The Plaintiffs originally filed their claims in the Court of Common Pleas for Cuyahoga County, Ohio. AOL removed the case to this court under 28 U.S.C. § 1441(a) on the ground that this court has diversity jurisdiction pursuant to 28 U.S.C. § 1332. The Plaintiffs now move the court to remand the case pursuant to 28 U.S.C. § 1447(c), arguing AOL cannot show this case meets the $75,000 amount-in-controversy requirement of 28 U.S.C. § 1332(a). Because the court finds it does not have jurisdiction over this case, it grants the motion. For the reasons stated herein, this case is remanded to the Court of Common Pleas for Cuyahoga County, Ohio, where it was originally filed.

I. STANDARD FOR REMAND

Initially, the court must determine the proper standard for determining whether it has jurisdiction over this case, and upon which party lies the burden of proving jurisdiction. The relevant jurisdictional statute confers upon this court the power to adjudicate "civil actions where the matter in controversy exceeds the sum or value of $75,000, exclusive of interest and costs, and is between . . . citizens of different states." 28 U.S.C. § 1332(a)(1).

Generally, the party seeking to litigate in federal court bears the burden of establishing the existence of federal subject matter jurisdiction. McNutt v. Gen'l Motors Acceptance Corp. of Indiana, 298 U.S. 178, 189, 56 S.Ct. 780, 785, 80 L.Ed. 1135 (1936) (declaring that "the court may demand that the party alleging jurisdiction justify his allegations by a preponderance of evidence"). In this case, then, it is AOL that bears the burden of proving jurisdiction, because the Plaintiffs would prefer to have stayed in state court, where they first filed their case.

When a plaintiff originally files her claim in federal court, the sum claimed by the plaintiff controls for the purpose of assessing whether the amount-in-controversy requirement contained in 28 U.S.C. § 1332(a)(1) is satisfied, so long as the amount claimed appears to have been made in good faith. St. Paul Mercury Indem. Co. v. Red Cab Co., 303 U.S. 283, 288-89, 58 S.Ct. 586, 590-91, 82 L.Ed. 845 (1938). Such a case will not be dismissed for lack of diversity jurisdiction unless the defendant can demonstrate to a "legal certainty" that the plaintiff was in error regarding the claimed amount-in-controversy. Id. at 289, 58 S.Ct. at 590. The "legal certainty standard" also applies when the plaintiff originally files her complaint in state court alleging a specific amount of damages and the defendant removes the case to federal court. Gafford v. General, Elec. Co., 997 F.2d 150, 157 (6th Cir.1993). Normally, then, if a plaintiff claims in good faith an amount-in-controversy exceeding $75,000, federal jurisdiction is obtained.

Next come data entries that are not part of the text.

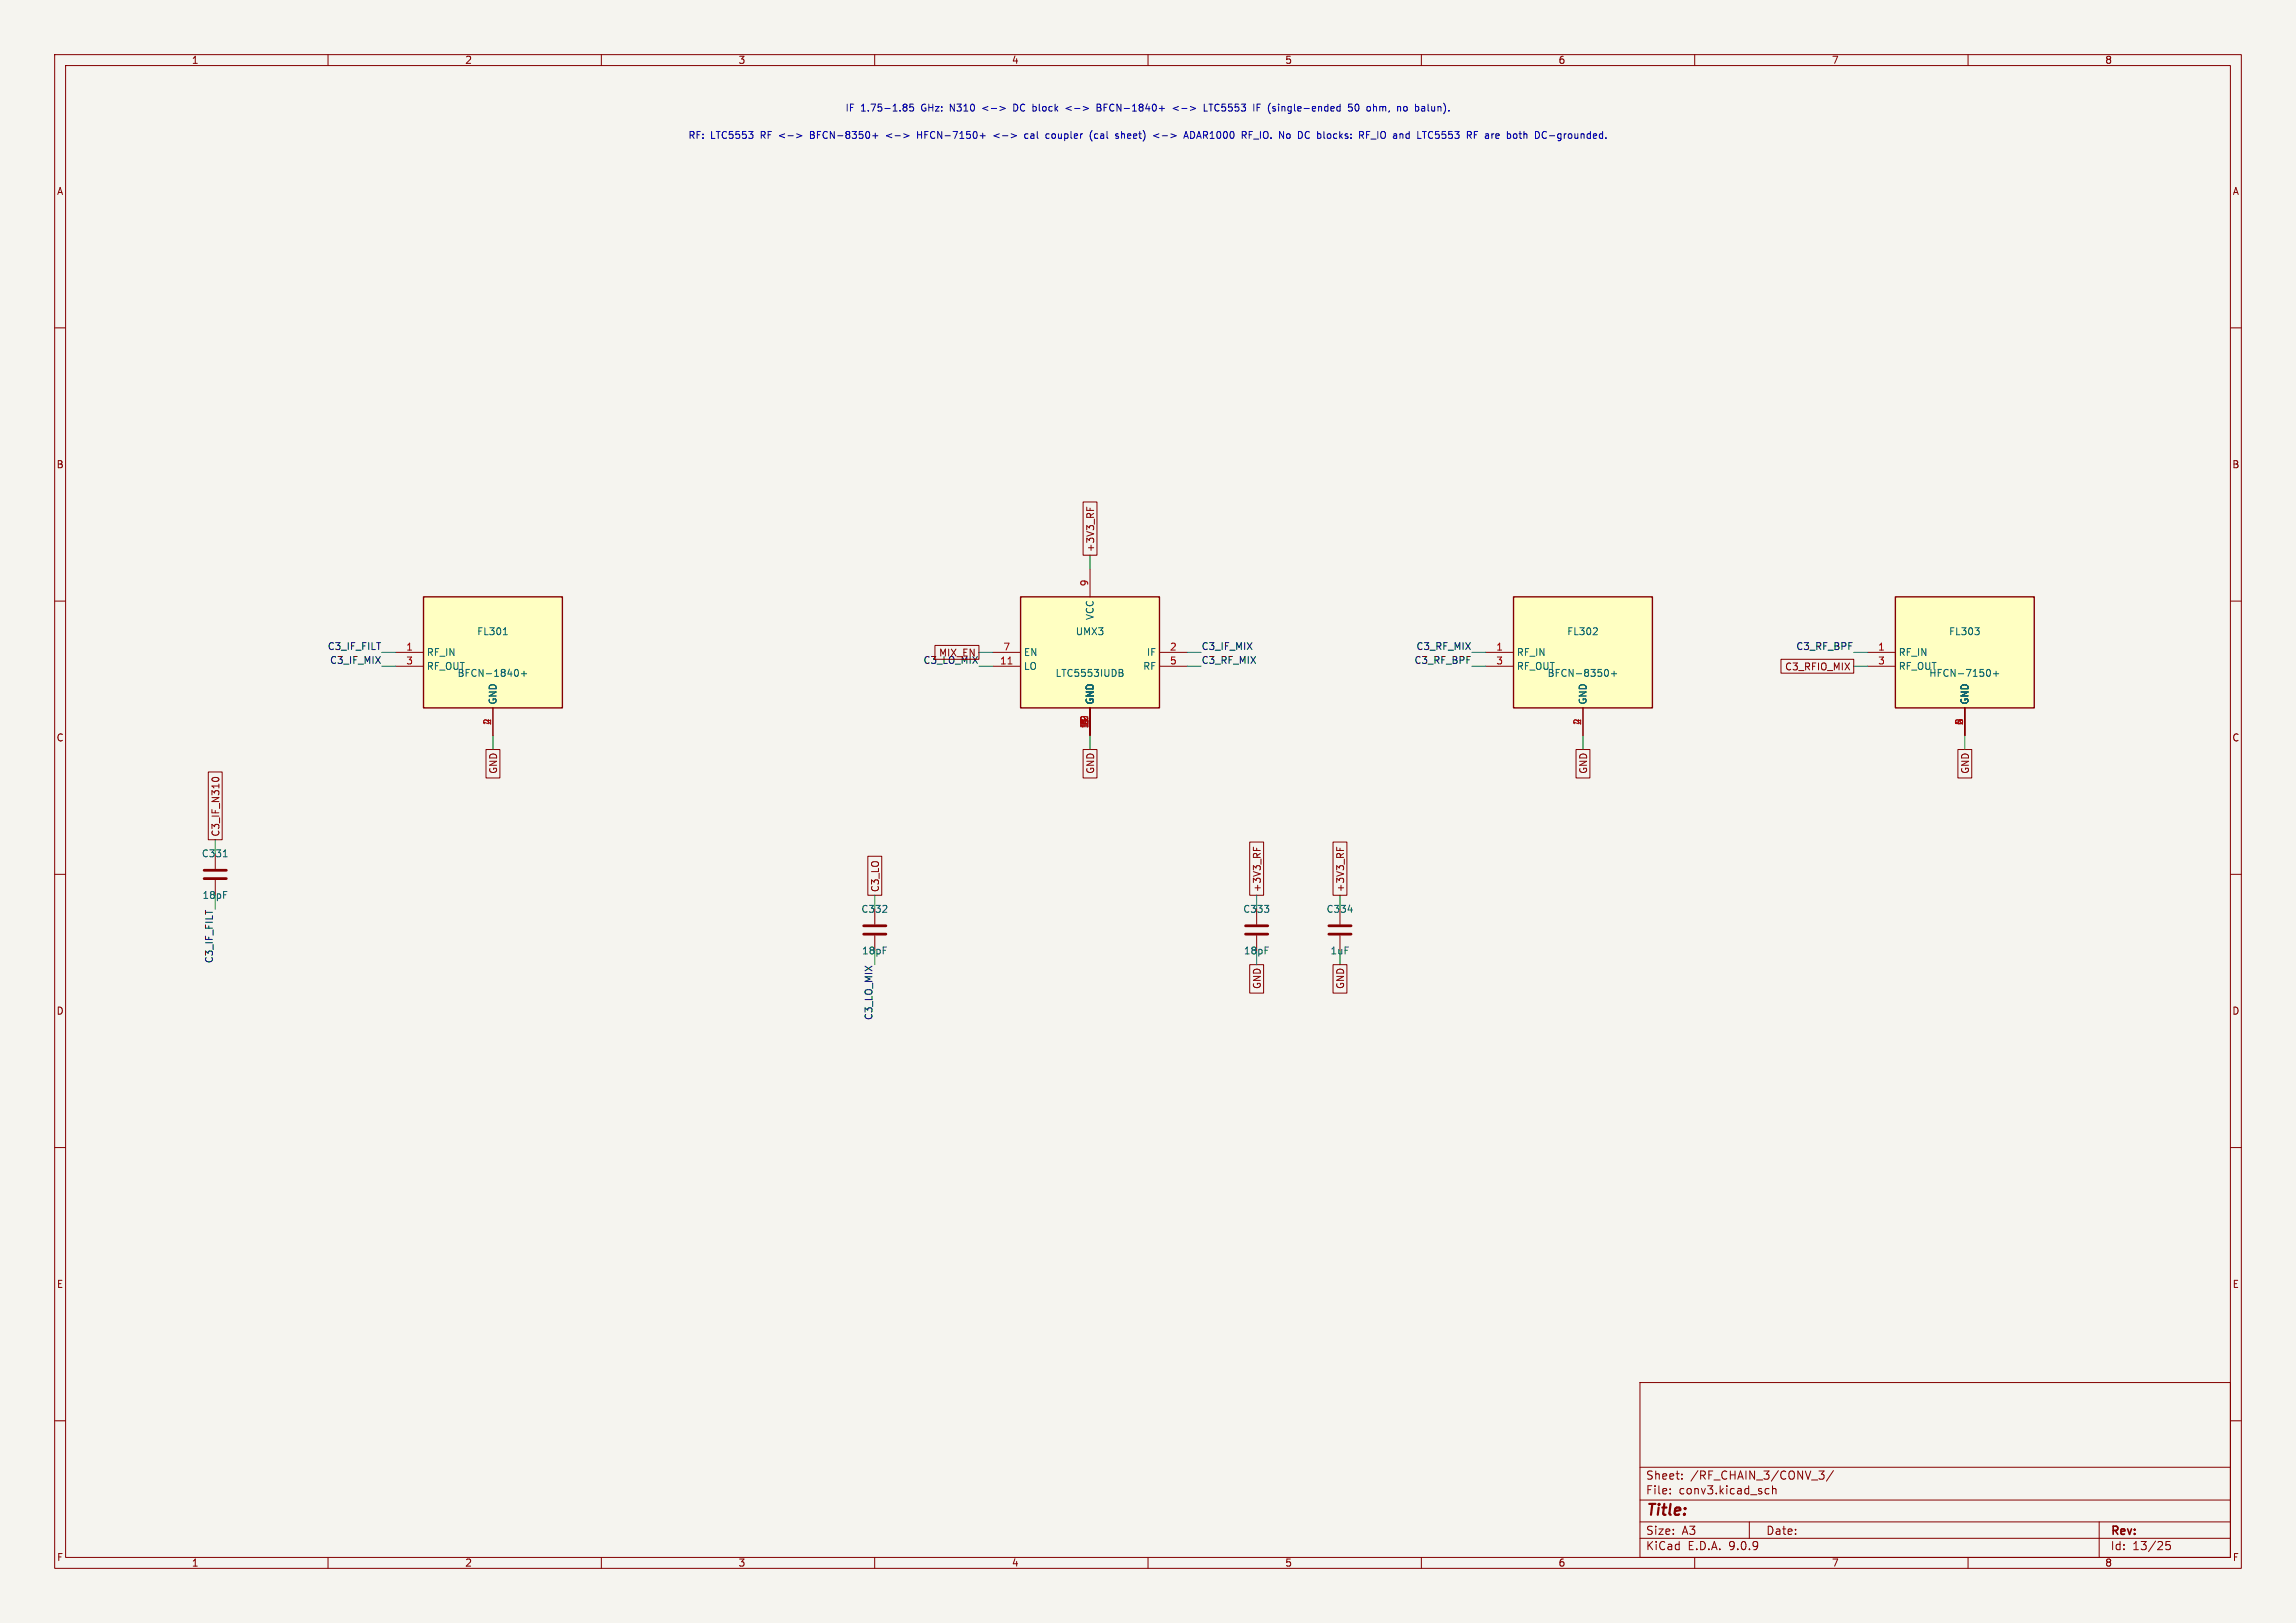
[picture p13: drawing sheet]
<svg xmlns="http://www.w3.org/2000/svg" width="420mm" height="297mm" viewBox="0 0 420 297" stroke-linecap="round" stroke-linejoin="round" font-family="sans-serif">
<defs><g id="words">
<text font-size="2.8" fill="#840000" x="301" y="277.9">Title:</text>
<g font-size="2.1" fill="#840000">
<text x="301" y="273.7">File:</text>
<text x="301" y="271">Sheet:</text>
<text x="307.1" y="273.7">conv3.kicad_sch</text>
<text x="309.2" y="271">/RF_CHAIN_3/CONV_3/</text>
<text x="301" y="281.1">Size:</text>
<text x="307.6" y="281.1">A3</text>
<text x="323" y="281.1">Date:</text>
<text x="386" y="281.3">Rev:</text>
<text x="301" y="283.9">KiCad</text>
<text x="308.7" y="283.9">E.D.A.</text>
<text x="316.3" y="283.9">9.0.9</text>
<text x="386" y="283.9">Id:</text>
<text x="390.1" y="283.9">13/25</text>
</g>
<g font-size="1.8" fill="#840000">
<text x="35" y="11.9">1</text>
<text x="85" y="11.9">2</text>
<text x="135" y="11.9">3</text>
<text x="185" y="11.9">4</text>
<text x="235" y="11.9">5</text>
<text x="285" y="11.9">6</text>
<text x="335" y="11.9">7</text>
<text x="385" y="11.9">8</text>
<text x="10.3" y="35.9">A</text>
<text x="408.3" y="35.9">A</text>
<text x="10.3" y="85.9">B</text>
<text x="408.2" y="85.9">B</text>
<text x="200.3" y="101.1" transform="rotate(-90 200.3 101.1)">+3V3_RF</text>
<text x="326.4" y="122.9">C3_RFIO_MIX</text>
<text x="10.3" y="135.9">C</text>
<text x="408.2" y="135.9">C</text>
<text x="91.1" y="141.7" transform="rotate(-90 91.1 141.7)">GND</text>
<text x="200.3" y="141.7" transform="rotate(-90 200.3 141.7)">GND</text>
<text x="290.5" y="141.7" transform="rotate(-90 290.5 141.7)">GND</text>
<text x="360.4" y="141.7" transform="rotate(-90 360.4 141.7)">GND</text>
<text x="40.3" y="153.2" transform="rotate(-90 40.3 153.2)">C3_IF_N310</text>
<text x="161" y="163.4" transform="rotate(-90 161 163.4)">C3_LO</text>
<text x="230.8" y="163.4" transform="rotate(-90 230.8 163.4)">+3V3_RF</text>
<text x="246.1" y="163.4" transform="rotate(-90 246.1 163.4)">+3V3_RF</text>
<text x="10.3" y="185.9">D</text>
<text x="230.8" y="181.1" transform="rotate(-90 230.8 181.1)">GND</text>
<text x="246.1" y="181.1" transform="rotate(-90 246.1 181.1)">GND</text>
<text x="408.2" y="185.9">D</text>
<text x="10.3" y="235.9">E</text>
<text x="408.3" y="235.9">E</text>
<text x="10.3" y="285.9">F</text>
<text x="35" y="286.9">1</text>
<text x="85" y="286.9">2</text>
<text x="135" y="286.9">3</text>
<text x="185" y="286.9">4</text>
<text x="235" y="286.9">5</text>
<text x="285" y="286.9">6</text>
<text x="335" y="286.9">7</text>
<text x="385" y="286.9">8</text>
<text x="408.3" y="285.9">F</text>
</g>
<g font-size="1.8" fill="#0000c2">
<text x="154.6" y="20.6">IF</text>
<text x="157.4" y="20.6">1.75-1.85</text>
<text x="168.6" y="20.6">GHz:</text>
<text x="174" y="20.6">N310</text>
<text x="180.2" y="20.6">&lt;-&gt;</text>
<text x="186.1" y="20.6">DC block</text>
<text x="196" y="20.6">&lt;-&gt;</text>
<text x="201.9" y="20.6">BFCN-1840+</text>
<text x="216" y="20.6">&lt;-&gt;</text>
<text x="221.9" y="20.6">LTC5553</text>
<text x="231.2" y="20.6">IF</text>
<text x="234" y="20.6">(single-ended</text>
<text x="248.9" y="20.6">50</text>
<text x="252.5" y="20.6">ohm,</text>
<text x="258.3" y="20.6">no</text>
<text x="261.8" y="20.6">balun).</text>
<text x="125.8" y="25.6">RF:</text>
<text x="130" y="25.6">LTC5553</text>
<text x="139.2" y="25.6">RF &lt;-&gt;</text>
<text x="148.7" y="25.6">BFCN-8350+</text>
<text x="168.7" y="25.6">HFCN-7150+</text>
<text x="182.8" y="25.6">&lt;-&gt;</text>
<text x="188.7" y="25.6">cal</text>
<text x="192.8" y="25.6">coupler</text>
<text x="201" y="25.6">(cal</text>
<text x="206" y="25.6">sheet)</text>
<text x="213.1" y="25.6">&lt;-&gt;</text>
<text x="219" y="25.6">ADAR1000</text>
<text x="229.7" y="25.6">RF_IO.</text>
<text x="236.7" y="25.6">No</text>
<text x="240.4" y="25.6">DC blocks:</text>
<text x="252" y="25.6">RF_IO and</text>
<text x="263" y="25.6">LTC5553</text>
<text x="272.3" y="25.6">RF are</text>
<text x="280" y="25.6">both</text>
<text x="285.4" y="25.6">DC-grounded.</text>
</g>
<g font-size="1.8" fill="#a90000">
<text x="199.1" y="107.4" transform="rotate(-90 199.1 107.4)">9</text>
<text x="74.2" y="119.1">1</text>
<text x="183.4" y="119.1">7</text>
<text x="213.9" y="119.1">2</text>
<text x="273.6" y="119.1">1</text>
<text x="343.5" y="119.1">1</text>
<text x="74.2" y="121.7">3</text>
<text x="182.8" y="121.7">11</text>
<text x="213.9" y="121.7">5</text>
<text x="273.6" y="121.7">3</text>
<text x="343.5" y="121.7">3</text>
<text x="89.9" y="132.8" transform="rotate(-90 89.9 132.8)">2</text>
<text x="199.1" y="132.8" transform="rotate(-90 199.1 132.8)">12</text>
<text x="199.1" y="132.8" transform="rotate(-90 199.1 132.8)">8</text>
<text x="289.3" y="132.8" transform="rotate(-90 289.3 132.8)">2</text>
<text x="359.2" y="132.8" transform="rotate(-90 359.2 132.8)">2</text>
</g>
<g font-size="1.8" fill="#006464">
<text x="200.3" y="113.6" transform="rotate(-90 200.3 113.6)">VCC</text>
<text x="87.2" y="116.4">FL301</text>
<text x="196.7" y="116.4">UMX3</text>
<text x="286.6" y="116.4">FL302</text>
<text x="356.4" y="116.4">FL303</text>
<text x="78" y="120.2">RF_IN</text>
<text x="78" y="122.8">RF_OUT</text>
<text x="83.6" y="124.1">BFCN-1840+</text>
<text x="187.2" y="120.2">EN</text>
<text x="187.2" y="122.8">LO</text>
<text x="193" y="124.1">LTC5553IUDB</text>
<text x="209" y="122.8">RF</text>
<text x="209.7" y="120.2">IF</text>
<text x="277.4" y="120.2">RF_IN</text>
<text x="277.4" y="122.8">RF_OUT</text>
<text x="283" y="124.1">BFCN-8350+</text>
<text x="347.2" y="120.2">RF_IN</text>
<text x="347.2" y="122.8">RF_OUT</text>
<text x="352.8" y="124.1">HFCN-7150+</text>
<text x="91" y="129" transform="rotate(-90 91 129)">GND</text>
<text x="200.3" y="129" transform="rotate(-90 200.3 129)">GND</text>
<text x="290.4" y="129" transform="rotate(-90 290.4 129)">GND</text>
<text x="360.3" y="129" transform="rotate(-90 360.3 129)">GND</text>
<text x="36.8" y="157.1">C331</text>
<text x="36.9" y="164.7">18pF</text>
<text x="157.5" y="167.2">C332</text>
<text x="227.3" y="167.2">C333</text>
<text x="242.6" y="167.2">C334</text>
<text x="157.6" y="174.9">18pF</text>
<text x="227.4" y="174.9">18pF</text>
<text x="243.3" y="174.9">1uF</text>
</g>
<g font-size="1.8" fill="#0f0f0f">
<text x="59.8" y="119">C3_IF_FILT</text>
<text x="219.7" y="119">C3_IF_MIX</text>
<text x="259" y="119">C3_RF_MIX</text>
<text x="328.5" y="119">C3_RF_BPF</text>
<text x="60.3" y="121.6">C3_IF_MIX</text>
<text x="168.8" y="121.6">C3_LO_MIX</text>
<text x="171.7" y="120.3">MIX_EN</text>
<text x="219.7" y="121.6">C3_RF_MIX</text>
<text x="258.6" y="121.6">C3_RF_BPF</text>
<text x="39" y="176.4" transform="rotate(-90 39 176.4)">C3_IF_FILT</text>
<text x="159.7" y="186.8" transform="rotate(-90 159.7 186.8)">C3_LO_MIX</text>
</g>
</g></defs>
<path d="M0 0h420v297h-420z" fill="#f5f4ef" stroke="#f5f4ef" stroke-width=".18"/>
<g fill="none" stroke="#840000" stroke-width=".18">
<path d="M10 10h400v277h-400zM12 12h396v273h-396zM60 10v2M110 10v2M160 10v2M210 10v2M260 10v2M310 10v2M360 10v2M10 60h2M408 60h2M10 110h2"/>
<path d="M408 110h2M10 160h2M408 160h2M229.9 166.4v2.8M229.9 171.2v2.8M10 210h2M408 210h2M300 253h108v32h-108zM10 260h2M300 278.5h108M300 274.5h108M300 268.5h108"/>
<path d="M305.5 273.2v.2M305.5 272.5v.1M307.7 270.5v.2M307.7 269.8v.1M320 278.5v3M323 273.3h.6M323 272.5h.6M324.2 272.5l.2-.1 .4 .1 .1 .9M324.2 271.9v1.5M332.7 269.2h1l-.5 .6 .4 .1v.6l-.2 .2-.6-.1M335.4 269.1l-1.3 1.9M384 278.5v6.5"/>
<path d="M408 260h2M60 285v2M110 285v2M160 285v2M210 285v2M260 285v2M300 281.5h108M310 285v2M360 285v2M396.9 282.1h-.7v.7l.2-.1h.5l.1 .2-.1 .5-.2 .2-.5-.2"/>
</g>
<path d="M227.8 169.4h4.1M227.8 170.9h4.1" fill="none" stroke="#840000" stroke-width=".51"/>
<path d="M77.5 109.2h25.4v20.3h-25.4z" fill="#ffffc2"/>
<path d="M77.5 109.2h25.4v20.3h-25.4z" fill="none" stroke="#840000" stroke-width=".25"/>
<path d="M72.4 119.4h5.1M72.4 121.9h5.1M90.2 129.5v5.1" fill="none" stroke="#840000" stroke-width=".18"/>
<path d="M92.1 116.1h.7M94.4 122.5a.68 .68 0 0 1 .4 .6 .68 .68 0 0 1-.4 .7M95.4 123.3h.9M95.9 122.8v1" fill="none" stroke="#006464" stroke-width=".18"/>
<path d="M346.7 109.2h25.4v20.3h-25.4z" fill="#ffffc2"/>
<path d="M346.7 109.2h25.4v20.3h-25.4z" fill="none" stroke="#840000" stroke-width=".25"/>
<path d="M341.6 119.4h5.1M341.6 121.9h5.1M359.4 129.5v5.1" fill="none" stroke="#840000" stroke-width=".18"/>
<path d="M361.3 114.9h.7l-.4 .5M362 115.5v.5M363.8 122.5a.79 .79 0 0 1 0 1.3M364.6 123.3h1M365.1 122.8v1" fill="none" stroke="#006464" stroke-width=".18"/>
<path d="M276.9 109.2h25.4v20.3h-25.4z" fill="#ffffc2"/>
<path d="M276.9 109.2h25.4v20.3h-25.4z" fill="none" stroke="#840000" stroke-width=".25"/>
<path d="M271.8 119.4h5.1M271.8 121.9h5.1M289.6 129.5v5.1M39.4 156.2v2.8M39.4 161v2.8M160 166.4v2.8M160 171.2v2.8" fill="none" stroke="#840000" stroke-width=".18"/>
<path d="M291.4 116.1h.8M292.1 115v.4M293.8 122.5a.68 .68 0 0 1 .4 .6 .68 .68 0 0 1-.4 .7M294.8 123.3h.9M295.2 122.8v1M40.9 156.8h.7" fill="none" stroke="#006464" stroke-width=".18"/>
<path d="M37.3 159.3h4.1M37.3 160.8h4.1M158 169.4h4.1M158 170.9h4.1" fill="none" stroke="#840000" stroke-width=".51"/>
<path d="M186.7 109.2h25.4v20.3h-25.4z" fill="#ffffc2"/>
<path d="M186.7 109.2h25.4v20.3h-25.4z" fill="none" stroke="#840000" stroke-width=".25"/>
<g fill="none" stroke="#840000" stroke-width=".18">
<path d="M198.1 91.9h2.6v9.7h-2.6zM198.8 92.8v.6M199.4 93v.4M171 118.1h8.1v2.6h-8.1zM181.6 119.4h5.1M199.4 104.1v5.1M212.1 119.4h5.1M88.9 137.2h2.5v5.2h-2.5zM181.6 121.9h5.1M198.1 137.2h2.6v5.2h-2.6zM199.4 129.5v5.1M212.1 121.9h5.1"/>
<path d="M288.3 137.2h2.5v5.2h-2.5zM325.8 120.6h13.3v2.6h-13.3zM358.1 137.2h2.6v5.2h-2.6zM38.1 141.3h2.5v12.4h-2.5zM38.8 142.7a.68 .68 0 0 1 .6-.4 .68 .68 0 0 1 .6 .4M158.7 156.7h2.6v7.1h-2.6zM228.6 154.1h2.5v9.7h-2.5zM229.3 155v.6M229.9 155.2v.4M243.8 154.1h2.6v9.7h-2.6zM244.5 155v.6M245.1 155.2v.4"/>
<path d="M228.6 176.5h2.5v5.2h-2.5zM243.8 176.5h2.6v5.2h-2.6zM245.1 166.4v2.8M245.1 171.2v2.8"/>
</g>
<path d="M184.4 121.5h.7" fill="none" stroke="#a90000" stroke-width=".18"/>
<path d="M204.7 122.5l.6 .1 .1 .3-.3 .2M204.7 123.1h.4M205.1 123.1l.3 .2v.3l-.7 .2M246.6 166.5h.8" fill="none" stroke="#006464" stroke-width=".18"/>
<path d="M243.1 169.4h4M243.1 170.9h4" fill="none" stroke="#840000" stroke-width=".51"/>
<g fill="none" stroke="#009600" stroke-width=".18">
<path d="M69.8 119.4h2.6M179.1 119.4h2.5M199.4 101.6v2.5M217.2 119.4h2.5M269.2 119.4h2.6M339.1 119.4h2.5M69.8 121.9h2.6M90.2 134.6v2.6M179.1 121.9h2.5M199.4 134.6v2.6M217.2 121.9h2.5M269.2 121.9h2.6"/>
<path d="M289.6 134.6v2.6M339.1 121.9h2.5M359.4 134.6v2.6M39.4 153.7v2.5M39.4 163.8v2.6M160 163.8v2.6M160 174v2.5M229.9 163.8v2.6M229.9 174v2.5M245.1 163.8v2.6M245.1 174v2.5"/>
</g>
<g fill="none" stroke="#0000c2" stroke-width=".18">
<path d="M165.4 19.1h.3l.2 .2-.2 .3M165.4 19.6h.3M165.7 19.6l.2 .2v.3l-.1 .2h-.4M167.1 19.1h-.6l-.1 .6 .2-.2 .4 .1 .1 .2v.4l-.2 .1-.5-.1M182.9 19.5l1 .3-1 .4M185.7 19.1h-.3v1.2h.3M196 19.5l-1 .3 1 .4M200.7 19.1h.4l.3 .2-.3 .4 .3 .1v.3l-.2 .2h-.5zM200.7 19.7h.4M212.1 19.8h.9M215.6 19.5l-1 .3 1 .4M220.3 19.1v1.2h.6"/>
<path d="M221.1 19.1h.8M230 19.7h.4M230.6 19.1h-.6v1.2M233.3 20v.3M247.3 19.1h-.6l-.1 .6 .2-.2 .5 .1 .1 .2-.1 .4-.2 .1-.5-.1M248.4 19.1h-.1a.68 .68 0 0 0-.5 .6 .68 .68 0 0 0 .5 .6h.1M251.4 19.5l.4 .2v.6M256.9 19.5h.3l.2 .2-.1 .6h-.4M261.2 19.1l.1 1.2M145.7 24.5l1 .3-1 .4M159.6 24.8h1M160.1 24.4v.9"/>
<path d="M163.1 24.5l-.9 .3 .9 .4M163.7 24.8h1M165.3 24.5l1 .3-1 .4M167.8 24.1v1.2M167.8 24.7h.8M179.3 24.8h.9M179.8 24.4v.9M182.8 24.5l-1 .3 1 .4M188 24.5h-.3l-.3 .2 .2 .6h.4M191.4 25.3h.5M191.4 24.5h.5M199.8 23.9a1.46 1.46 0 0 0 0 1.9"/>
<path d="M200.7 24.5h-.4l-.1 .2 .1 .5 .4 .1M204.3 24.9l.3 .1v.1l-.2 .2h-.2M204.3 24.5h.3M205.2 24.1v1.2M205.5 24.5l-.3 .1M212 24.5l-1 .3 1 .4M216.5 25.3l.5-1.2 .4 1.2M216.7 25h.6M218.4 24.2l-.6-.1v1.2l.6-.2M228.5 24.7h.4M229.1 24.1h-.6v1.2M235.8 24.5l.2 .2v.4l-.2 .2"/>
<path d="M250 24.7h.4M250 24.1h.6M250.8 25.5h.9M261.8 24.1l.3 .1M262.1 25.2l-.3 .1M271.9 24.5h-.2M271.9 24.8l-.2 .2 .2 .3M278.8 24.5h.4l.1 .8M283.4 24.8h1"/>
</g>
<use href="#words"/>
</svg>

The standard differs, though, "where the plaintiff seeks to recover some unspecified amount that is not self-evidently greater or less than the federal amount-in-controversy requirement." Id. at 158 (citation omitted). In such cases, "the defendant must prove, `more likely than not,' that the plaintiff's claims meet the federal amount-in-controversy requirement2." Id. (granting a motion for reconsideration where the defendant satisfied its burden on removal of showing the plaintiff's claims exceeded the amount-in-controversy requirement) (citation omitted). The court applies that preponderance of the evidence standard herein, since the Plaintiffs' claims for fraud (which would allow recovery of punitive damages) and for attorney's fees make it impossible to say they seek to recover an amount self-evidently less than $75,000. See, Garza v. Bettcher Indus., Inc., 752 F.Supp. 753, 763 (E.D.Mich.1990) (applying the preponderance of the evidence standard in finding the defendant had shown the case met the amount-in-controversy requirement). Thus, the court must remand this action unless AOL can show by a preponderance of the evidence that the Plaintiffs' claims meet the amount-in-controversy requirement.

II. LAW AND ANALYSIS
A. Amount-in-Controversy in Class Claims
1. Aggregation of Class Claims

The Plaintiffs do not dispute the diversity of citizenship between AOL and the putative plaintiff class. However, they do challenge AOL's assertion that the "matter in controversy exceeds the sum or value of $75,000." Specifically, the Plaintiffs assert that the amount in controversy must exceed $75,000 for each of the 270,000 plaintiffs in the putative class, an amount that would exceed a total of $20 billion3. The Plaintiffs conclude that because there is no realistic possibility the plaintiff class could actually recover damages approaching that amount, this court must remand the case for lack of diversity jurisdiction.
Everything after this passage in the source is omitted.